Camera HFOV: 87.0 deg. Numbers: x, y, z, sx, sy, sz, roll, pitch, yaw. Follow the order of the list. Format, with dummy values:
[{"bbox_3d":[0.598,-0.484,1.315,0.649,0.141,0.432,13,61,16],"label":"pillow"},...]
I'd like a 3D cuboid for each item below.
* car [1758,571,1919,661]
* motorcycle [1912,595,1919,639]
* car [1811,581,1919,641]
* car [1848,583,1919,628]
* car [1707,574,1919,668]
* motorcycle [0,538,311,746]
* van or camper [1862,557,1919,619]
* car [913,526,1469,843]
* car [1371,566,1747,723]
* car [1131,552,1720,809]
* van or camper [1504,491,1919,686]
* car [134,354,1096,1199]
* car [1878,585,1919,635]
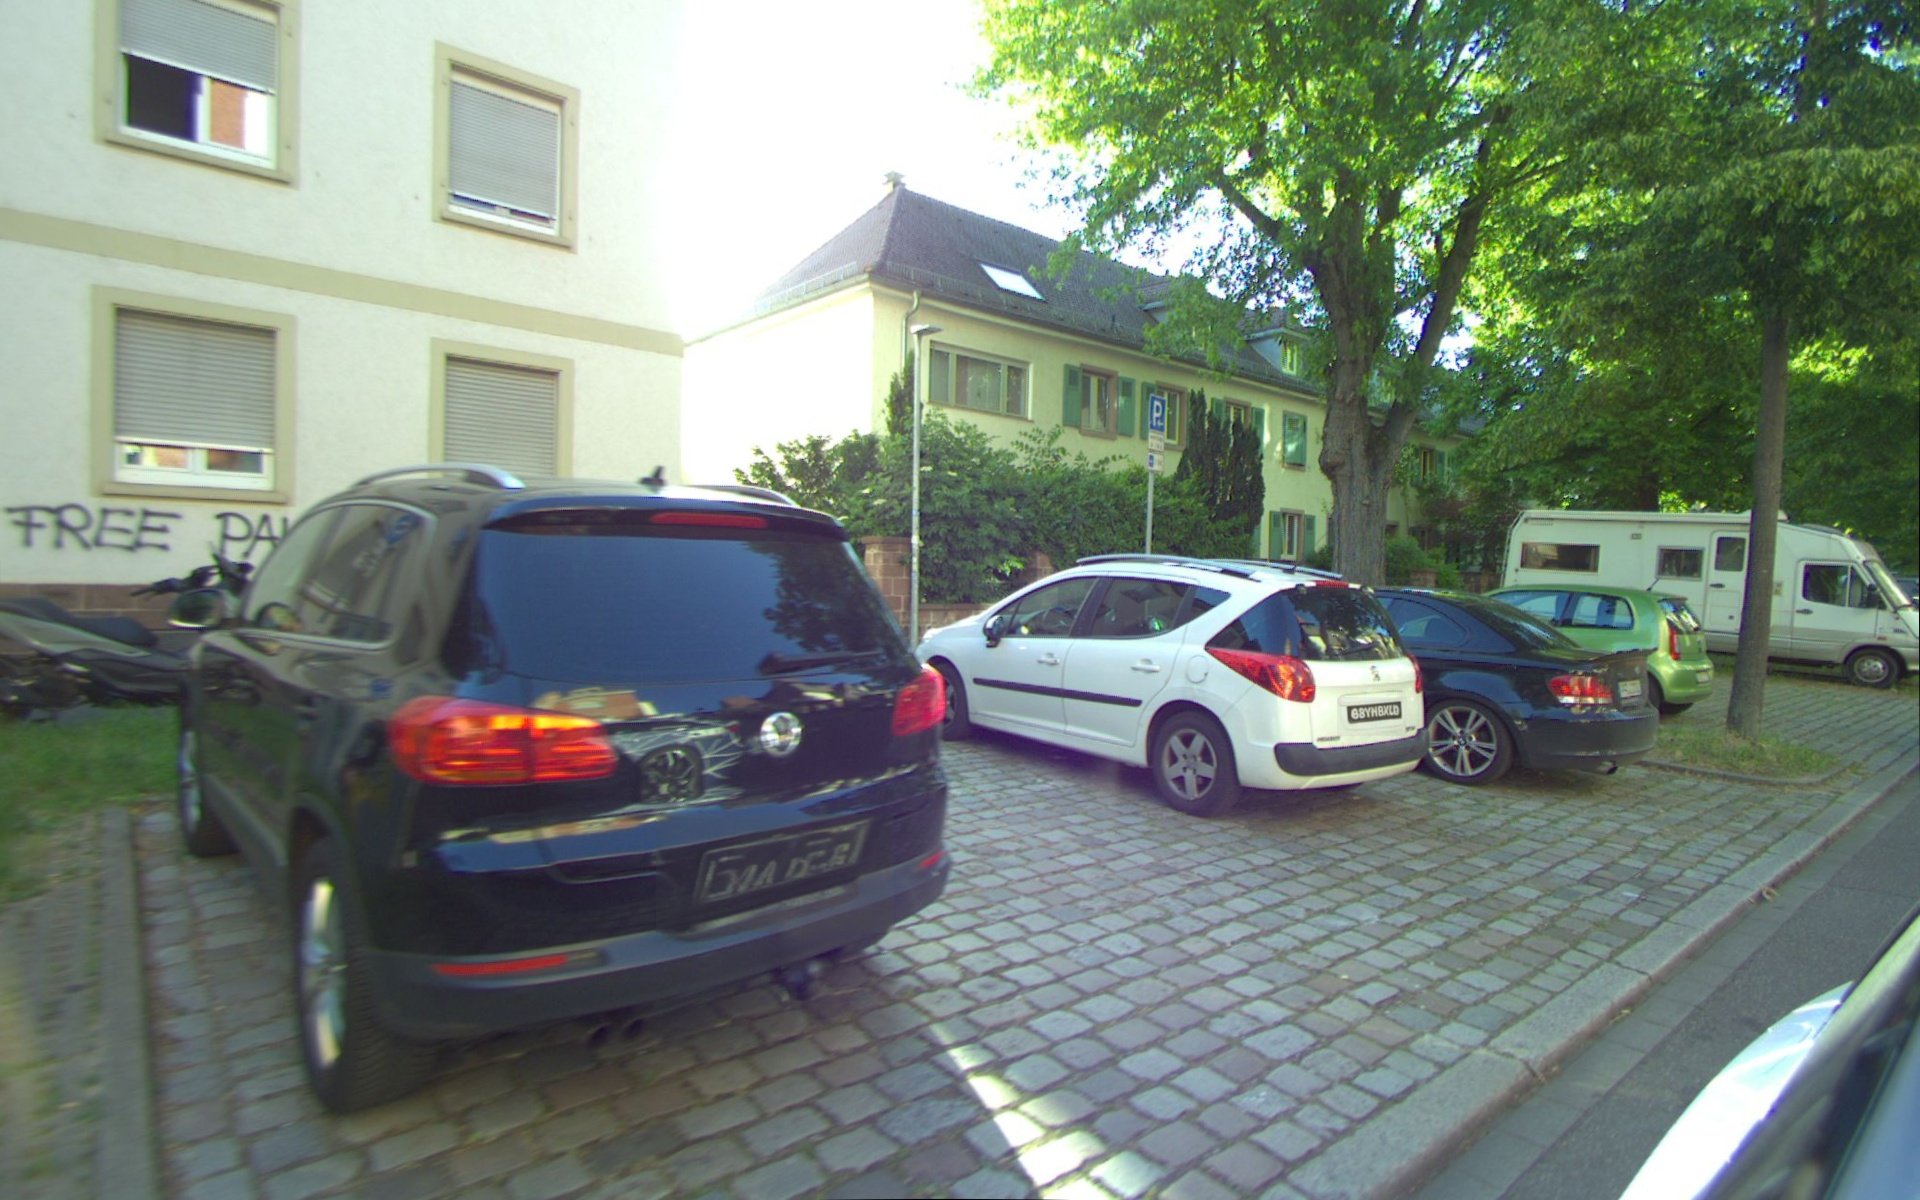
[{"bbox_3d":[20.803,0.356,22.924,1.699,1.765,3.925,-1,5,-40],"label":"car"},{"bbox_3d":[26.958,0.507,27.396,0.725,1.212,1.774,2,2,5],"label":"motorcycle"},{"bbox_3d":[28.477,0.359,30.260,1.895,1.627,4.342,-1,4,-41],"label":"car"},{"bbox_3d":[34.965,0.286,36.234,1.721,1.495,4.471,0,4,-39],"label":"car"},{"bbox_3d":[18.826,0.389,21.779,1.868,1.617,3.976,-1,5,-37],"label":"car"},{"bbox_3d":[-5.924,0.237,7.079,0.974,1.296,2.150,3,2,41],"label":"motorcycle"},{"bbox_3d":[47.888,-0.522,48.052,2.385,2.939,7.264,-1,3,-40],"label":"van or camper"},{"bbox_3d":[1.395,0.372,7.315,1.672,1.671,3.705,0,2,-36],"label":"car"},{"bbox_3d":[7.232,0.431,12.487,1.647,1.524,3.599,1,3,-39],"label":"car"},{"bbox_3d":[3.631,0.440,8.565,1.760,1.428,4.116,0,5,-40],"label":"car"},{"bbox_3d":[14.515,-0.304,19.050,2.423,3.115,7.087,0,2,-42],"label":"van or camper"},{"bbox_3d":[-1.737,0.313,3.992,1.991,1.733,4.110,1,3,-44],"label":"car"},{"bbox_3d":[31.021,0.391,31.447,1.664,1.493,3.456,0,4,-40],"label":"car"}]
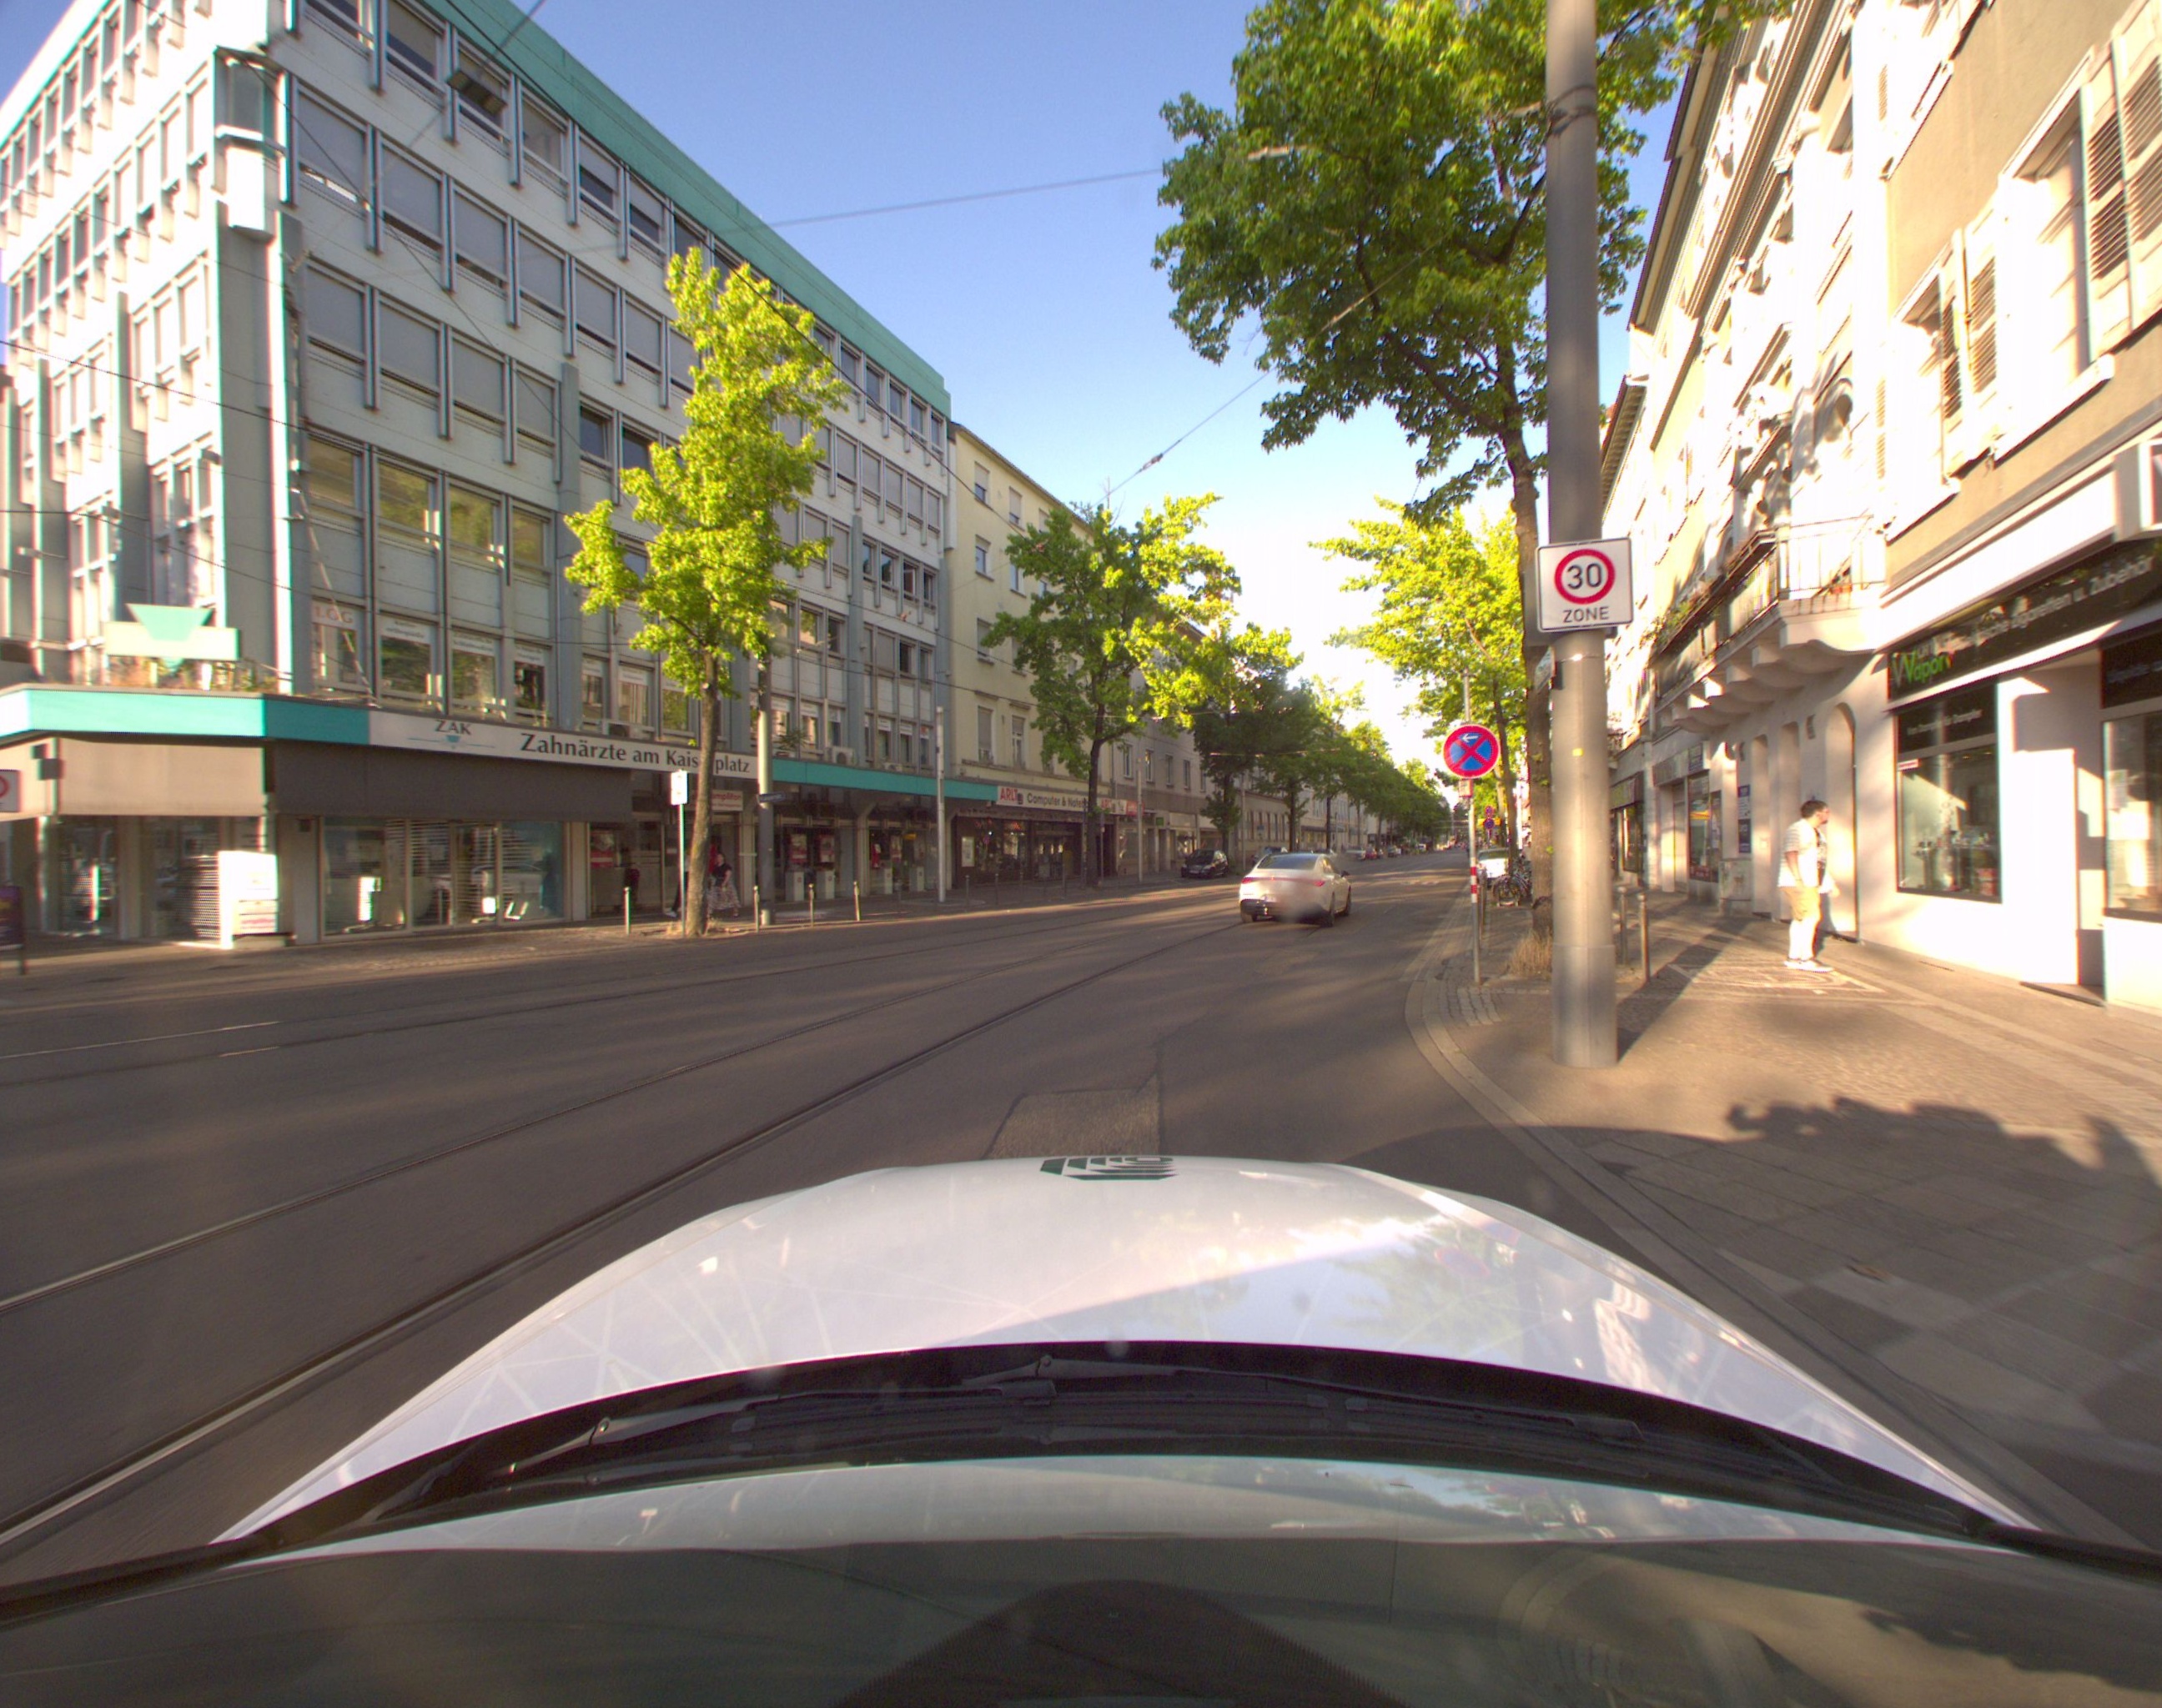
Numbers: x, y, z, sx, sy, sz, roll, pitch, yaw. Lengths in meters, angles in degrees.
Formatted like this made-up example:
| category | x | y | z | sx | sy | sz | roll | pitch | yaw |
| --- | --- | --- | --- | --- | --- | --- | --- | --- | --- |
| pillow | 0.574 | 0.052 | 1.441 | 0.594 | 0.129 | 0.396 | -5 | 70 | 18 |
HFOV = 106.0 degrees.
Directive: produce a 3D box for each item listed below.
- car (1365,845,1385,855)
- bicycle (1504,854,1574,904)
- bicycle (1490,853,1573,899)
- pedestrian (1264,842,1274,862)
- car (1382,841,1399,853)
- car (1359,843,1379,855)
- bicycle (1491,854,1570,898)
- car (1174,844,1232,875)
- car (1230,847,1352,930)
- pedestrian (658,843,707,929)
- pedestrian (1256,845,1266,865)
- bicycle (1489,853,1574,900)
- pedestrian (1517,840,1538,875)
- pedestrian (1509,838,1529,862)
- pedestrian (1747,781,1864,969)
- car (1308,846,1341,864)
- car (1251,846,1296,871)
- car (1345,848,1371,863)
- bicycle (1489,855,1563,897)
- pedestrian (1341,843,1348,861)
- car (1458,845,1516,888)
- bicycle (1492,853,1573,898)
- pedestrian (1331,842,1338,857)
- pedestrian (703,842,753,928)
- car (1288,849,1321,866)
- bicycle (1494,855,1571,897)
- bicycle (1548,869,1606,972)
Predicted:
| category | x | y | z | sx | sy | sz | roll | pitch | yaw |
| --- | --- | --- | --- | --- | --- | --- | --- | --- | --- |
| car | 39.022 | -0.476 | 108.083 | 1.975 | 1.292 | 4.024 | 0 | 0 | 27 |
| bicycle | 10.984 | 0.583 | 19.597 | 0.460 | 1.154 | 1.674 | 0 | 0 | -12 |
| bicycle | 11.587 | 0.559 | 20.982 | 1.848 | 1.154 | 0.566 | -1 | 0 | 29 |
| pedestrian | 15.721 | -0.161 | 67.948 | 0.680 | 1.720 | 0.660 | 0 | 0 | 27 |
| car | 45.739 | -1.016 | 120.437 | 1.537 | 1.796 | 3.187 | -1 | 0 | 35 |
| car | 35.667 | -0.620 | 100.693 | 1.673 | 1.499 | 4.260 | 0 | 0 | 28 |
| bicycle | 12.244 | 0.595 | 22.209 | 1.848 | 1.154 | 0.566 | -1 | 0 | 29 |
| car | 6.838 | 0.268 | 45.305 | 1.943 | 1.640 | 4.024 | 0 | 0 | 28 |
| car | 4.613 | 0.629 | 17.448 | 1.851 | 1.468 | 4.065 | 2 | 1 | 24 |
| pedestrian | -9.645 | 0.759 | 19.709 | 0.789 | 2.014 | 0.738 | 0 | -1 | 28 |
| pedestrian | 15.144 | 0.100 | 68.569 | 0.668 | 1.680 | 0.651 | -1 | 0 | 27 |
| bicycle | 11.324 | 0.559 | 20.512 | 1.848 | 1.154 | 0.350 | -1 | -1 | 29 |
| pedestrian | 20.922 | 0.161 | 38.160 | 0.795 | 1.643 | 0.760 | -2 | 0 | 27 |
| pedestrian | 25.622 | -0.232 | 47.634 | 0.707 | 1.387 | 0.744 | -1 | 0 | -11 |
| pedestrian | 8.284 | 0.227 | 9.318 | 0.847 | 2.014 | 0.837 | 0 | -1 | -37 |
| car | 22.610 | 0.046 | 75.412 | 1.928 | 1.640 | 4.939 | 0 | 0 | 28 |
| car | 13.805 | 0.269 | 58.332 | 1.944 | 1.639 | 4.841 | 2 | 1 | 27 |
| car | 31.301 | 0.184 | 92.007 | 1.943 | 1.692 | 5.043 | 0 | 0 | 28 |
| bicycle | 12.732 | 0.612 | 23.337 | 1.848 | 1.154 | 0.566 | -1 | 0 | 29 |
| pedestrian | 30.831 | -0.248 | 95.222 | 0.701 | 2.004 | 0.679 | -1 | 0 | 20 |
| car | 15.494 | 0.450 | 31.022 | 1.759 | 1.440 | 4.449 | -4 | -2 | 27 |
| bicycle | 11.956 | 0.547 | 21.598 | 1.848 | 1.154 | 0.566 | -1 | 0 | 29 |
| pedestrian | 29.803 | -0.551 | 95.671 | 0.701 | 1.806 | 0.679 | -1 | 0 | 22 |
| pedestrian | -8.403 | 0.722 | 19.396 | 0.789 | 2.014 | 0.738 | 0 | -1 | 28 |
| car | 18.830 | 0.270 | 68.461 | 1.944 | 1.412 | 4.874 | 0 | 0 | 24 |
| bicycle | 12.577 | 0.598 | 22.732 | 1.848 | 1.154 | 0.566 | -1 | 0 | 29 |
| bicycle | 5.772 | 0.723 | 9.530 | 0.351 | 1.076 | 1.708 | 0 | 0 | 24 |

Task directions:
Retype only this portion of the data above: the line containing "- pedestrian (1747,781,1864,969)", the line containing "- pedestrian (1331,842,1338,857)", and all lines between them, exactly.

Answer area:
- pedestrian (1747,781,1864,969)
- car (1308,846,1341,864)
- car (1251,846,1296,871)
- car (1345,848,1371,863)
- bicycle (1489,855,1563,897)
- pedestrian (1341,843,1348,861)
- car (1458,845,1516,888)
- bicycle (1492,853,1573,898)
- pedestrian (1331,842,1338,857)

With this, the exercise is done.